All the lines below should appear again unchanged, though their pictures should not.

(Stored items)
━━━━━━━━━━━━━━━━━━━━━━━━━━━━━━

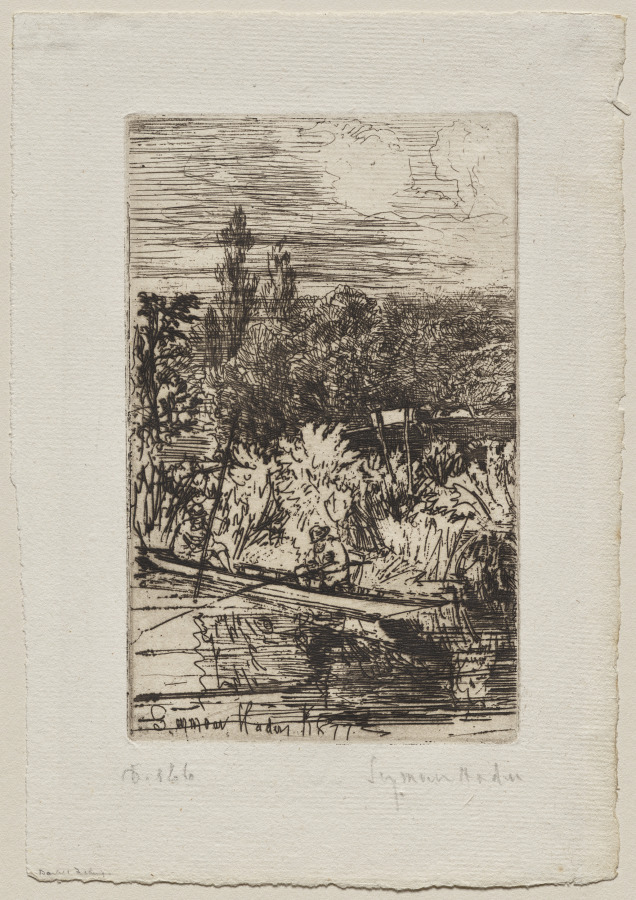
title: Barbel Fishing
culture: England, 19th century
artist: Francis Seymour Haden (British, 1818–1910)
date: 1877
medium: etching
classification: Print
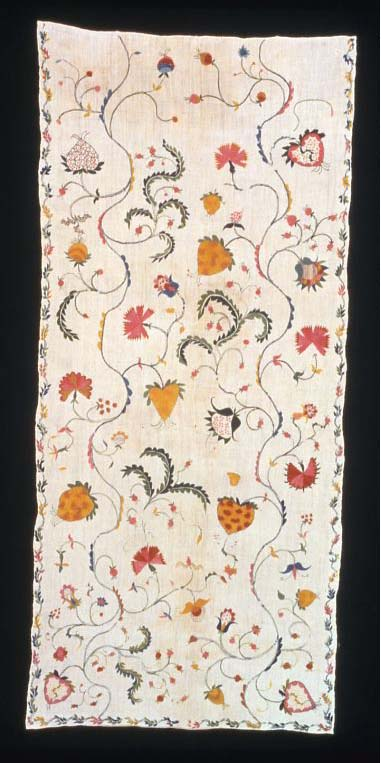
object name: Textile
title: Bed Curtain
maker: Hannah Hinman Twitchell Pierce (American, 1721/22–1770); United States, Connecticut, Southbury
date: c. 1760
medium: Linen, plain weave; curtains: embroidered with wool in cross, Romanian, running, satin, and stem stitches; valances: embroidered in Romanian, satin, and stem stitches
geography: Connecticut
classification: textile; needlework (visual works)
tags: flowers, foliage
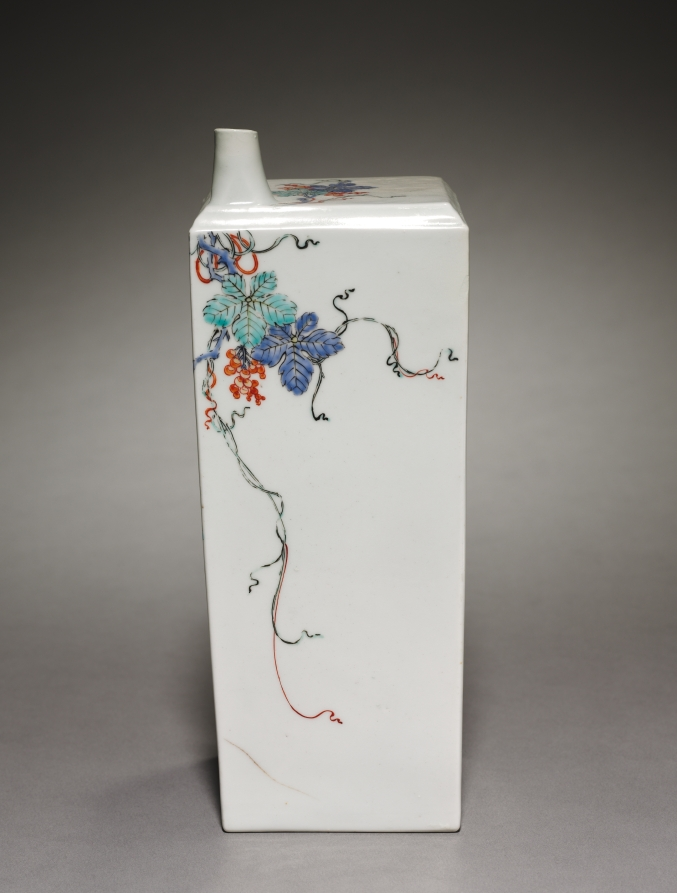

━━━━━━━━━━━━━━━━━━━━━━━━━━━━━━

*Reply to the exercise:*
title: Barbel Fishing
culture: England, 19th century
artist: Francis Seymour Haden (British, 1818–1910)
date: 1877
medium: etching
classification: Print
object name: Textile
title: Bed Curtain
maker: Hannah Hinman Twitchell Pierce (American, 1721/22–1770); United States, Connecticut, Southbury
date: c. 1760
medium: Linen, plain weave; curtains: embroidered with wool in cross, Romanian, running, satin, and stem stitches; valances: embroidered in Romanian, satin, and stem stitches
geography: Connecticut
classification: textile; needlework (visual works)
tags: flowers, foliage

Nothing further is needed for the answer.